Engineering the Charge Density on an In 2.77 S 4 /Porous Organic Polymer Hybrid Photocatalyst for CO 2 -to-Ethylene Conversion Reaction.

The development of an efficient photocatalyst for C2 product formation from CO 2 is of urgent importance toward the deployment of solar-fuel production. Here, we report a template-free, cost-effective synthetic strategy to develop a carbazole-derived porous organic polymer (POP)-based composite catalyst. The composite catalyst is comprised of In 2.77 S 4 and porous organic polymer (POP) and is held together by induced-polarity-driven electrostatic interaction.
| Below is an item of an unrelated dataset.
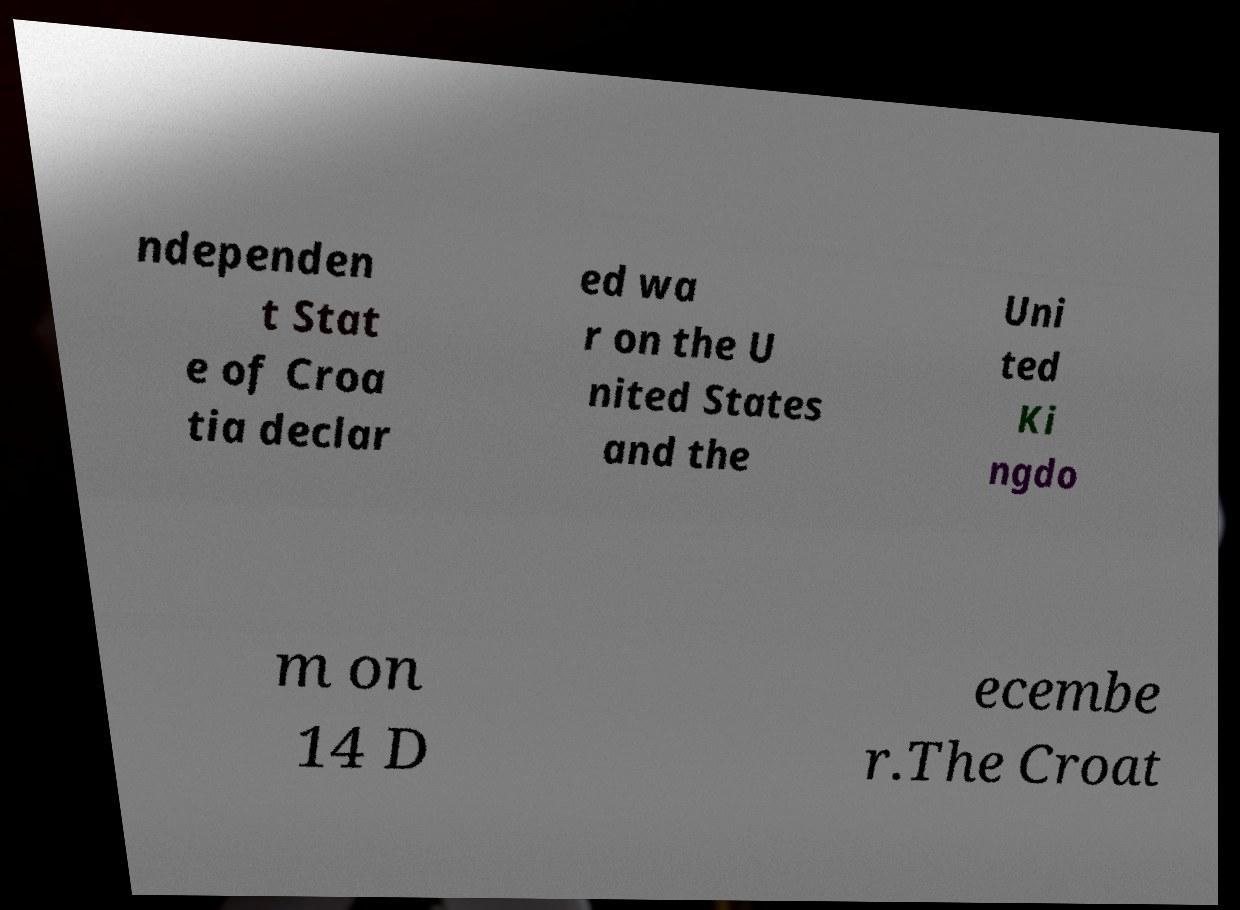Could you extract and type out the text from this image? ndependen t Stat e of Croa tia declar ed wa r on the U nited States and the Uni ted Ki ngdo m on 14 D ecembe r.The Croat

Utilizing the synergy of the catalytically active In centers and light-harvesting POPs, the catalyst showed 98.9% selectivity toward the generation of C 2 H 4 , with a formation rate of 67.65 μmol g -1 h -1 . Two different oxidation states of the In 2.77 S 4 spinel were exploited for the C-C coupling process, and this was investigated by X-ray photoelectron spectroscopy (XPS), X-ray absorption spectroscopy (XAS), and density functional theory (DFT) calculations. The role of POP was elucidated via several photophysical and photoelectrochemical studies. The electron transfer was mapped by several correlated approaches, which assisted in establishing the Z-scheme mechanism. Furthermore, the mechanism of C 2 H 4 formation was extensively investigated using density functional theory (DFT) calculations from multiple possible pathways.